__What is required__: Which lines in the records below hold the word "track"? Copy each of them.

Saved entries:
****************

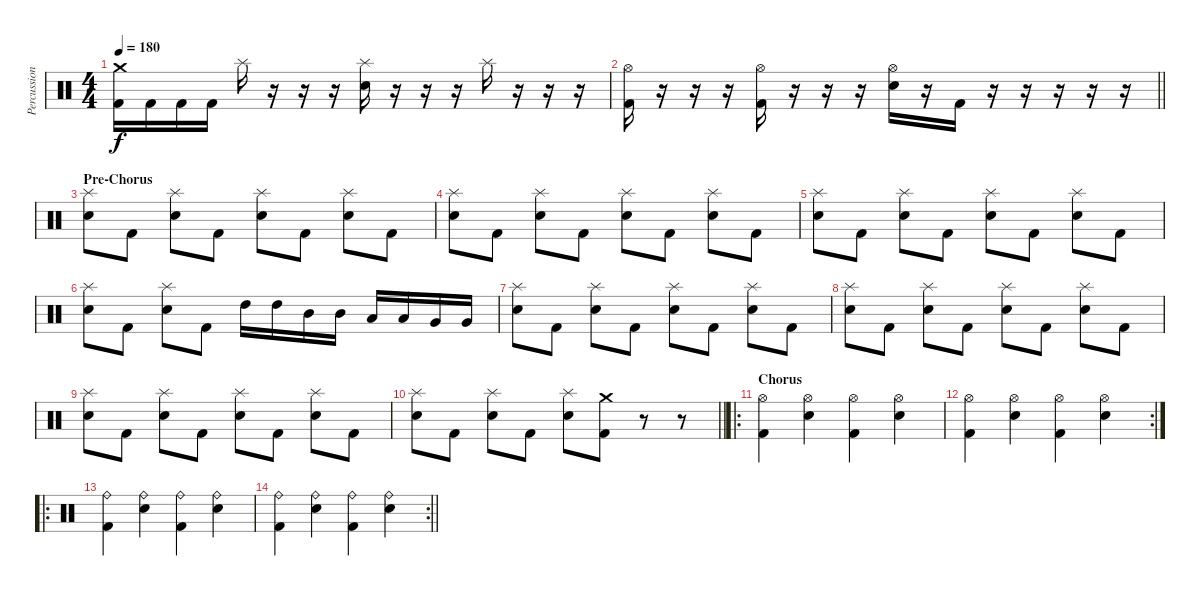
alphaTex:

\track ("Percussion" "Percussion") {instrument percussion}
\staff {score}
\articulation defaults
\ts (4 4)
\tempo 180
\clef neutral
\ks c
("Crash medium (hit)" "Kick (hit) 2").16{dy f} "Kick (hit) 2".16 "Kick (hit) 2".16 "Kick (hit) 2".16 "Splash (hit)".16 r.16 r.16 r.16 ("Splash (hit)" "Electric Snare (hit)").16 r.16 r.16 r.16 "Splash (hit)".16 r.16 r.16 r.16 |
\barLineRight lightlight
("Hi-Hat (open)" "Kick (hit) 2").16 r.16 r.16 r.16 ("Hi-Hat (open)" "Kick (hit) 2").16 r.16 r.16 r.16 ("Hi-Hat (open)" "Electric Snare (hit)").16 r.16 "Kick (hit) 2".16 r.16 r.16 r.16 r.16 r.16 |
\section ("" "Pre-Chorus")
("Splash (hit)" "Electric Snare (hit)").8 "Kick (hit) 2".8 ("Splash (hit)" "Electric Snare (hit)").8 "Kick (hit) 2".8 ("Splash (hit)" "Electric Snare (hit)").8 "Kick (hit) 2".8 ("Splash (hit)" "Electric Snare (hit)").8 "Kick (hit) 2".8 |
("Splash (hit)" "Electric Snare (hit)").8 "Kick (hit) 2".8 ("Splash (hit)" "Electric Snare (hit)").8 "Kick (hit) 2".8 ("Splash (hit)" "Electric Snare (hit)").8 "Kick (hit) 2".8 ("Splash (hit)" "Electric Snare (hit)").8 "Kick (hit) 2".8 |
("Splash (hit)" "Electric Snare (hit)").8 "Kick (hit) 2".8 ("Splash (hit)" "Electric Snare (hit)").8 "Kick (hit) 2".8 ("Splash (hit)" "Electric Snare (hit)").8 "Kick (hit) 2".8 ("Splash (hit)" "Electric Snare (hit)").8 "Kick (hit) 2".8 |
("Splash (hit)" "Electric Snare (hit)").8 "Kick (hit) 2".8 ("Splash (hit)" "Electric Snare (hit)").8 "Kick (hit) 2".8 "High Tom (hit)".16 "High Tom (hit)".16 "Mid Tom (hit)".16 "Mid Tom (hit)".16 "Low Tom (hit)".16 "Low Tom (hit)".16 "Very Low Tom (hit)".16 "Very Low Tom (hit)".16 |
("Splash (hit)" "Electric Snare (hit)").8 "Kick (hit) 2".8 ("Splash (hit)" "Electric Snare (hit)").8 "Kick (hit) 2".8 ("Splash (hit)" "Electric Snare (hit)").8 "Kick (hit) 2".8 ("Splash (hit)" "Electric Snare (hit)").8 "Kick (hit) 2".8 |
("Splash (hit)" "Electric Snare (hit)").8 "Kick (hit) 2".8 ("Splash (hit)" "Electric Snare (hit)").8 "Kick (hit) 2".8 ("Splash (hit)" "Electric Snare (hit)").8 "Kick (hit) 2".8 ("Splash (hit)" "Electric Snare (hit)").8 "Kick (hit) 2".8 |
("Splash (hit)" "Electric Snare (hit)").8 "Kick (hit) 2".8 ("Splash (hit)" "Electric Snare (hit)").8 "Kick (hit) 2".8 ("Splash (hit)" "Electric Snare (hit)").8 "Kick (hit) 2".8 ("Splash (hit)" "Electric Snare (hit)").8 "Kick (hit) 2".8 |
\barLineRight lightlight
("Splash (hit)" "Electric Snare (hit)").8 "Kick (hit) 2".8 ("Splash (hit)" "Electric Snare (hit)").8 "Kick (hit) 2".8 ("Splash (hit)" "Electric Snare (hit)").8 ("Crash medium (hit)" "Kick (hit) 2").8 r.8 r.8 |
\ro
\section ("" "Chorus")
("Hi-Hat (open)" "Kick (hit) 2").4 ("Hi-Hat (open)" "Electric Snare (hit)").4 ("Hi-Hat (open)" "Kick (hit) 2").4 ("Hi-Hat (open)" "Electric Snare (hit)").4 |
\rc 2
("Hi-Hat (open)" "Kick (hit) 2").4 ("Hi-Hat (open)" "Electric Snare (hit)").4 ("Hi-Hat (open)" "Kick (hit) 2").4 ("Hi-Hat (open)" "Electric Snare (hit)").4 |
\ro
("Ride (bell)" "Kick (hit) 2").4 ("Ride (bell)" "Electric Snare (hit)").4 ("Ride (bell)" "Kick (hit) 2").4 ("Ride (bell)" "Electric Snare (hit)").4 |
\rc 2
\barLineRight lightlight
("Ride (bell)" "Kick (hit) 2").4 ("Ride (bell)" "Electric Snare (hit)").4 ("Ride (bell)" "Kick (hit) 2").4 ("Ride (bell)" "Electric Snare (hit)").4
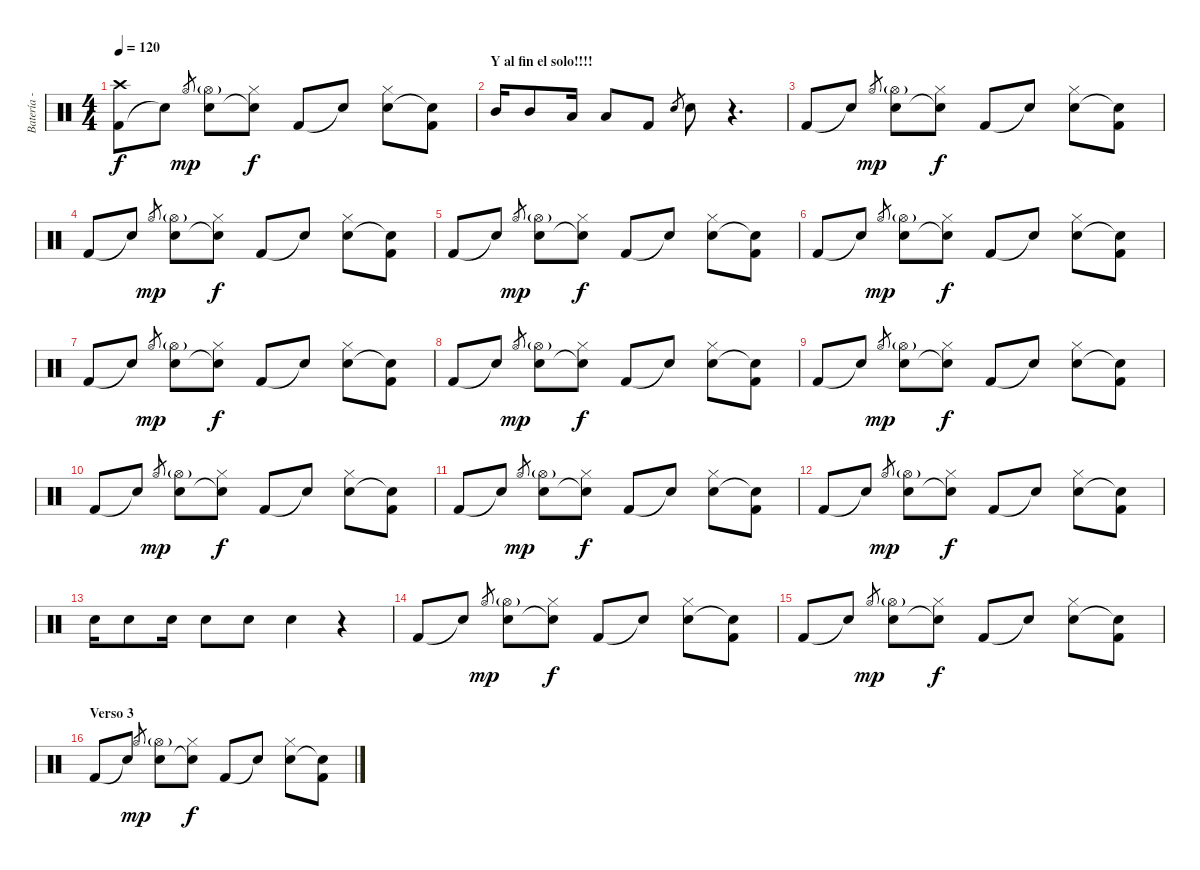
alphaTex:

\track ("Batería - Txus" "Batería - ") {instrument percussion}
\staff {score}
\articulation defaults
\ts (4 4)
\tempo 120
\clef neutral
\ks c
("Kick (hit) 2" "Crash high (hit)").8{dy f} "Snare (hit)"{t}.8 "Hi-Hat (open)".8{gr dy mp} ("Snare (hit) 2" "Hi-Hat (open)"{g}).8 ("Snare (hit)"{t} "Hi-Hat (closed)").8{dy f} "Kick (hit) 2".8 "Snare (hit)"{t}.8 ("Snare (hit) 2" "Hi-Hat (closed)").8 ("Snare (hit)"{t} "Kick (hit) 2").8 |
\section ("" "Y al fin el solo!!!!")
"Mid Tom (hit)".16 "Mid Tom (hit)".8 "Low Tom (hit)".16 "Low Tom (hit)".8 "Kick (hit) 2".8 "Snare (hit) 2".8{gr} "Snare (hit) 2".8 r.4{d} |
"Kick (hit) 2".8 "Snare (hit)"{t}.8 "Hi-Hat (open)".8{gr dy mp} ("Snare (hit) 2" "Hi-Hat (open)"{g}).8 ("Snare (hit)"{t} "Hi-Hat (closed)").8{dy f} "Kick (hit) 2".8 "Snare (hit)"{t}.8 ("Snare (hit) 2" "Hi-Hat (closed)").8 ("Snare (hit)"{t} "Kick (hit) 2").8 |
"Kick (hit) 2".8 "Snare (hit)"{t}.8 "Hi-Hat (open)".8{gr dy mp} ("Snare (hit) 2" "Hi-Hat (open)"{g}).8 ("Snare (hit)"{t} "Hi-Hat (closed)").8{dy f} "Kick (hit) 2".8 "Snare (hit)"{t}.8 ("Snare (hit) 2" "Hi-Hat (closed)").8 ("Snare (hit)"{t} "Kick (hit) 2").8 |
"Kick (hit) 2".8 "Snare (hit)"{t}.8 "Hi-Hat (open)".8{gr dy mp} ("Snare (hit) 2" "Hi-Hat (open)"{g}).8 ("Snare (hit)"{t} "Hi-Hat (closed)").8{dy f} "Kick (hit) 2".8 "Snare (hit)"{t}.8 ("Snare (hit) 2" "Hi-Hat (closed)").8 ("Snare (hit)"{t} "Kick (hit) 2").8 |
"Kick (hit) 2".8 "Snare (hit)"{t}.8 "Hi-Hat (open)".8{gr dy mp} ("Snare (hit) 2" "Hi-Hat (open)"{g}).8 ("Snare (hit)"{t} "Hi-Hat (closed)").8{dy f} "Kick (hit) 2".8 "Snare (hit)"{t}.8 ("Snare (hit) 2" "Hi-Hat (closed)").8 ("Snare (hit)"{t} "Kick (hit) 2").8 |
"Kick (hit) 2".8 "Snare (hit)"{t}.8 "Hi-Hat (open)".8{gr dy mp} ("Snare (hit) 2" "Hi-Hat (open)"{g}).8 ("Snare (hit)"{t} "Hi-Hat (closed)").8{dy f} "Kick (hit) 2".8 "Snare (hit)"{t}.8 ("Snare (hit) 2" "Hi-Hat (closed)").8 ("Snare (hit)"{t} "Kick (hit) 2").8 |
"Kick (hit) 2".8 "Snare (hit)"{t}.8 "Hi-Hat (open)".8{gr dy mp} ("Snare (hit) 2" "Hi-Hat (open)"{g}).8 ("Snare (hit)"{t} "Hi-Hat (closed)").8{dy f} "Kick (hit) 2".8 "Snare (hit)"{t}.8 ("Snare (hit) 2" "Hi-Hat (closed)").8 ("Snare (hit)"{t} "Kick (hit) 2").8 |
"Kick (hit) 2".8 "Snare (hit)"{t}.8 "Hi-Hat (open)".8{gr dy mp} ("Snare (hit) 2" "Hi-Hat (open)"{g}).8 ("Snare (hit)"{t} "Hi-Hat (closed)").8{dy f} "Kick (hit) 2".8 "Snare (hit)"{t}.8 ("Snare (hit) 2" "Hi-Hat (closed)").8 ("Snare (hit)"{t} "Kick (hit) 2").8 |
"Kick (hit) 2".8 "Snare (hit)"{t}.8 "Hi-Hat (open)".8{gr dy mp} ("Snare (hit) 2" "Hi-Hat (open)"{g}).8 ("Snare (hit)"{t} "Hi-Hat (closed)").8{dy f} "Kick (hit) 2".8 "Snare (hit)"{t}.8 ("Snare (hit) 2" "Hi-Hat (closed)").8 ("Snare (hit)"{t} "Kick (hit) 2").8 |
"Kick (hit) 2".8 "Snare (hit)"{t}.8 "Hi-Hat (open)".8{gr dy mp} ("Snare (hit) 2" "Hi-Hat (open)"{g}).8 ("Snare (hit)"{t} "Hi-Hat (closed)").8{dy f} "Kick (hit) 2".8 "Snare (hit)"{t}.8 ("Snare (hit) 2" "Hi-Hat (closed)").8 ("Snare (hit)"{t} "Kick (hit) 2").8 |
"Kick (hit) 2".8 "Snare (hit)"{t}.8 "Hi-Hat (open)".8{gr dy mp} ("Snare (hit) 2" "Hi-Hat (open)"{g}).8 ("Snare (hit)"{t} "Hi-Hat (closed)").8{dy f} "Kick (hit) 2".8 "Snare (hit)"{t}.8 ("Snare (hit) 2" "Hi-Hat (closed)").8 ("Snare (hit)"{t} "Kick (hit) 2").8 |
"Snare (hit) 2".16 "Snare (hit) 2".8 "Snare (hit) 2".16 "Snare (hit) 2".8 "Snare (hit) 2".8 "Snare (hit) 2".4 r.4 |
"Kick (hit) 2".8 "Snare (hit)"{t}.8 "Hi-Hat (open)".8{gr dy mp} ("Snare (hit) 2" "Hi-Hat (open)"{g}).8 ("Snare (hit)"{t} "Hi-Hat (closed)").8{dy f} "Kick (hit) 2".8 "Snare (hit)"{t}.8 ("Snare (hit) 2" "Hi-Hat (closed)").8 ("Snare (hit)"{t} "Kick (hit) 2").8 |
"Kick (hit) 2".8 "Snare (hit)"{t}.8 "Hi-Hat (open)".8{gr dy mp} ("Snare (hit) 2" "Hi-Hat (open)"{g}).8 ("Snare (hit)"{t} "Hi-Hat (closed)").8{dy f} "Kick (hit) 2".8 "Snare (hit)"{t}.8 ("Snare (hit) 2" "Hi-Hat (closed)").8 ("Snare (hit)"{t} "Kick (hit) 2").8 |
\section ("" "Verso 3")
"Kick (hit) 2".8 "Snare (hit)"{t}.8 "Hi-Hat (open)".8{gr dy mp} ("Snare (hit) 2" "Hi-Hat (open)"{g}).8 ("Snare (hit)"{t} "Hi-Hat (closed)").8{dy f} "Kick (hit) 2".8 "Snare (hit)"{t}.8 ("Snare (hit) 2" "Hi-Hat (closed)").8 ("Snare (hit)"{t} "Kick (hit) 2").8
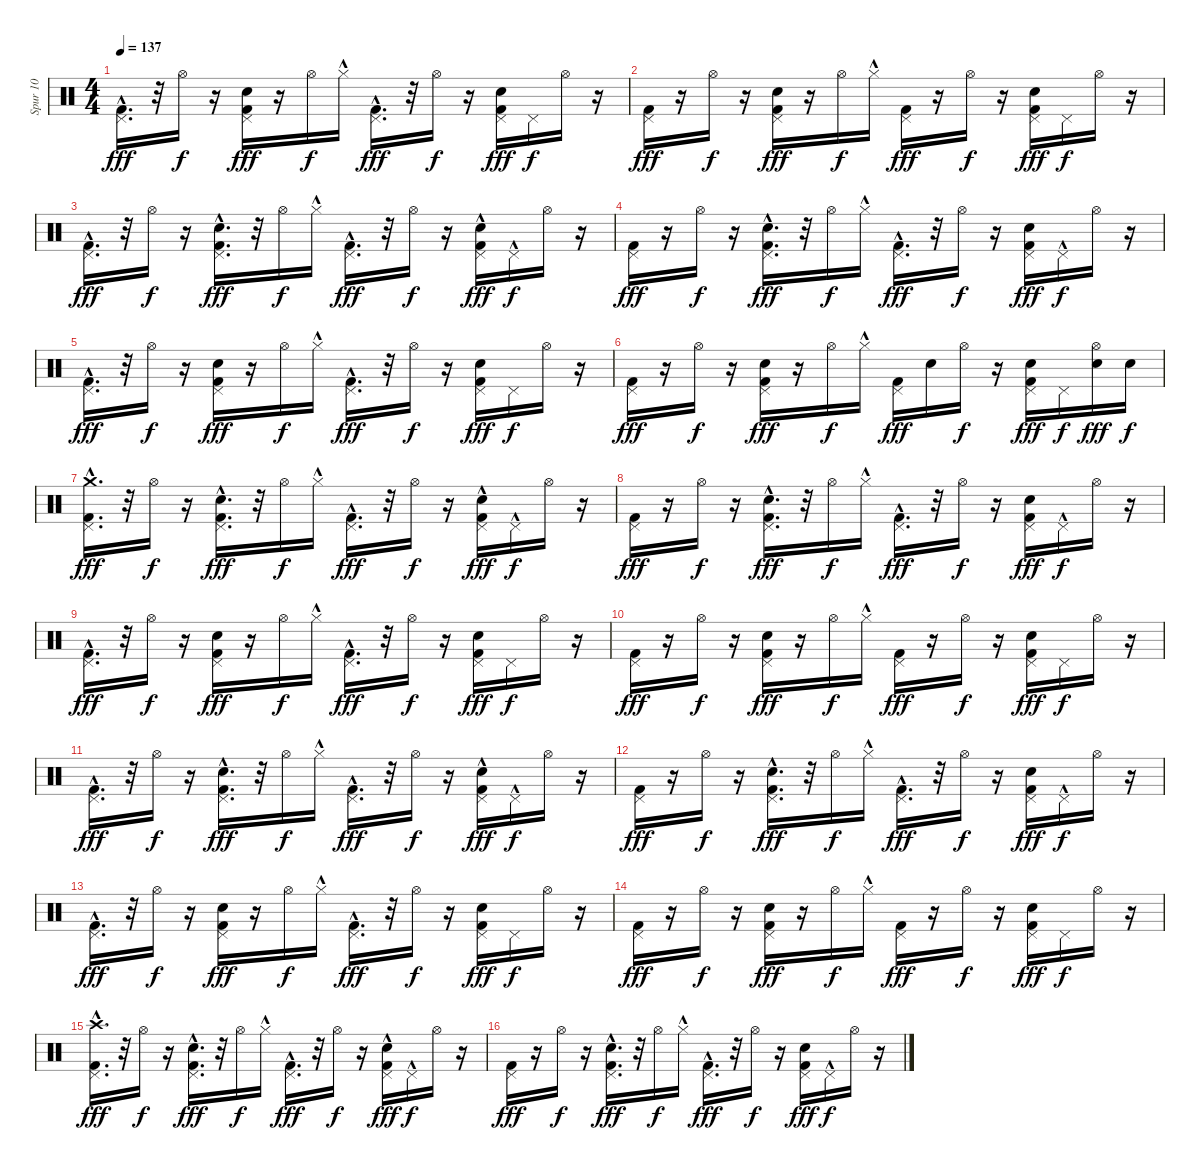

****************

__Answer section__:
\track ("Percussion" "Percussion") {instrument percussion}
\track ("Batería - Txus" "Batería - ") {instrument percussion}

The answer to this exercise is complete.